I have just opened my last precious ream of slightly-yellowed copy paper and I’m writing with the stub of a Sanford American #2 pencil that is as old as I am, and I write knowing that no one will ever read this. But the cursive flow of the words gliding across the sheet, row by row, comforts and sustains me. Sometimes at night, as I sit holding my tattered Vonnegut, or McCarthy or Yeats, I wonder where we went wrong. And I pause, and slip to my knees and pray that we will have reading instructors in heaven, because I know there will be books.
So that’s what I’m talking about. My friend Jack seems to read the handwriting soon to be NO LONGER on the wall and preparing himself for an ‘amusing ourselves to death’ future. The problem is that a world given to the ‘see, hear, feel’ mode of awareness is not about to stand up for the individual and his rights, especially the right to disagree with Big Kindly Sibling. Hence, if we do not resist the Age of Television and fail to restore the Age of Typography to center stage of human psychological reality, then the world envisioned by Aldous Huxley will soon and surely ensue:
“And it seems to me perfectly in the cards that there will be within the next generation or so a pharmacological [~post-literate—brw] method of making people love their servitude, and producing … a kind of painless [plugged-in] concentration camp for entire societies, so that people will in fact have their liberties taken away from them but will rather enjoy it, because they will be distracted from any desire to rebel by propaganda, brainwashing, or brainwashing enhanced by pharmacological methods.” — Aldous Huxley, 1959
And THAT would be my darkest nightmare. So I’m working for the light alternative in my own fashion with The Truman Prophecy (2016), then my FLOW/Indie ‘consecrated activism’ framework, and then on the political level with First Principles grand juries—presaging a blueprint book, The Accountability Project: Monitoring and disciplining runaway public servants, that I swear I’ll finish by the end of January 2019. [Related to my recent white paper on creating a new common sense political party.] And to keep some skin in the day-to-day opinion game, I write my columns and reviews. Which sadly I must confess, for the 11 years I’ve been at it, have never reached a substantial audience thanks to being either over or beside the head of where most of my would-be readers live.

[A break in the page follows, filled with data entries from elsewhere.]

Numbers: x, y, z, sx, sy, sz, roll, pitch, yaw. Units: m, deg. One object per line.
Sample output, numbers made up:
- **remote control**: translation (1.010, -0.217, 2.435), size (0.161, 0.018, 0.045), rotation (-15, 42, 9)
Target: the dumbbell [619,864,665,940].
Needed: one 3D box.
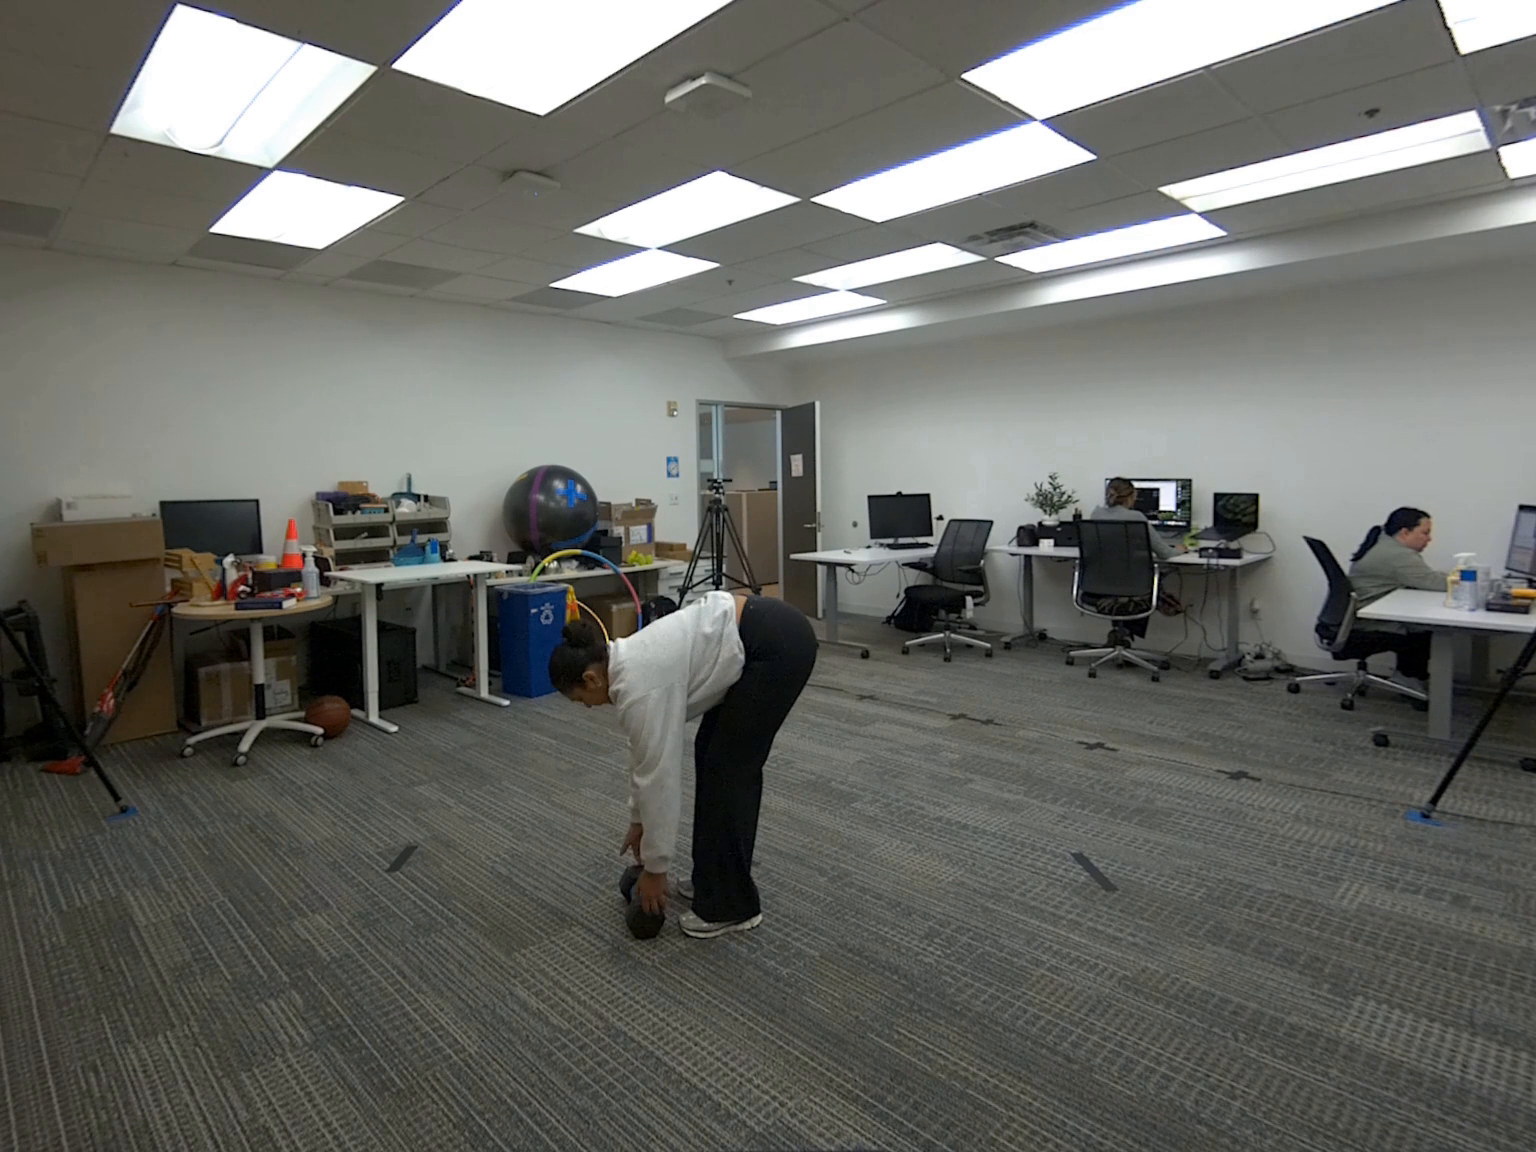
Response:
- **dumbbell**: translation (-0.396, 1.041, 2.734), size (0.107, 0.123, 0.298), rotation (28, -1, -15)
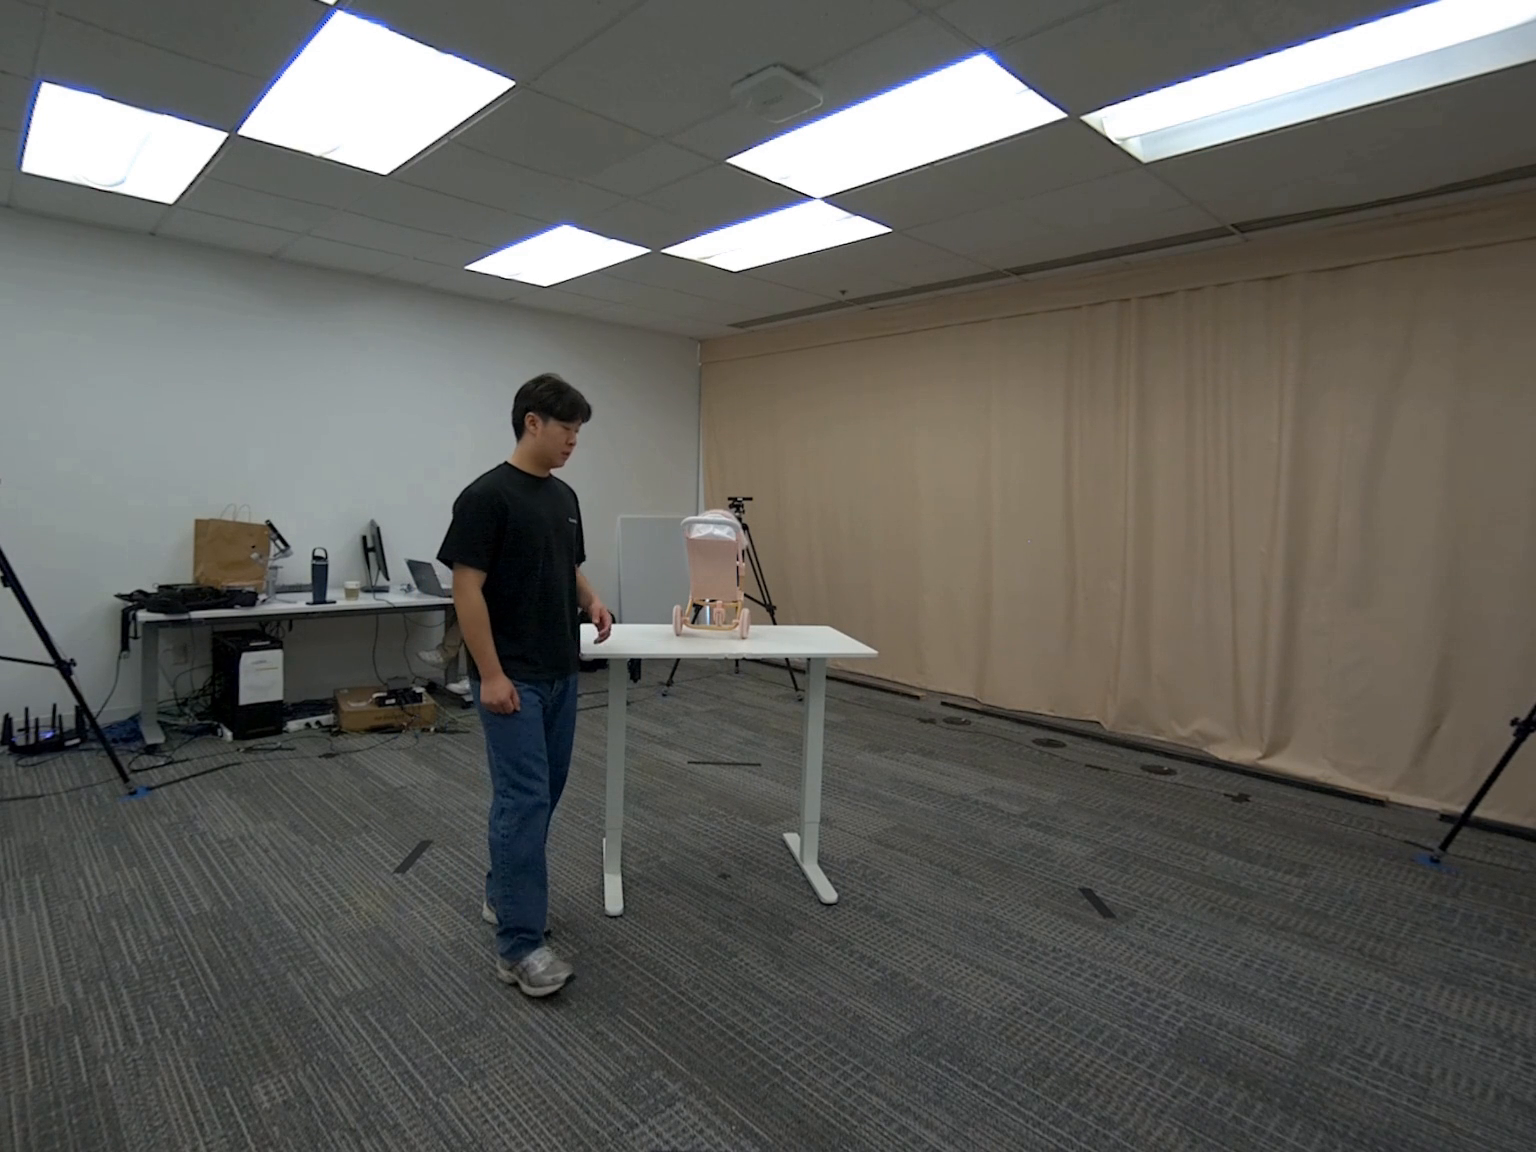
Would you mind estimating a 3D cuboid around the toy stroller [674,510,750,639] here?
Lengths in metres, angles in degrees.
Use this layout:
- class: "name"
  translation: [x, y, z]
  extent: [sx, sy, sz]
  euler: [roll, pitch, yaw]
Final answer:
- class: "toy stroller"
  translation: [-0.198, -0.005, 3.147]
  extent: [0.284, 0.528, 0.343]
  euler: [3, 19, 9]

Humor is universal. And not too abstract. Will give it a go for 2019 as an indirect approach to helping us break the ties of ‘see, hear, feel’ that bind us… before they become unbreak-able. Have you heard the one about a dog that walks into a telegraph office? Kidding. But consider the following prospective lead story: “In an Iowa district court, yesterday, a patron sued the Won Hong Lo Chinese restaurant for a fortune that didn’t come true.”
Universal implication sans heaviosity… plus a lot more fun, and shorter, to put in words. Please tune in and let me know how I’m doing as the months transpire.
[1] Jack is the author of a series of Philip Morris [sic] ‘old school’ private eye novels set in Kansas City in the era of the Great Depression, the first of which, But Not for Me (2018), I reviewed here. Jack is between publishers of both books, Blowing Carbon and But Not For Me, and is considering my Free Man Publishing Company in the interim.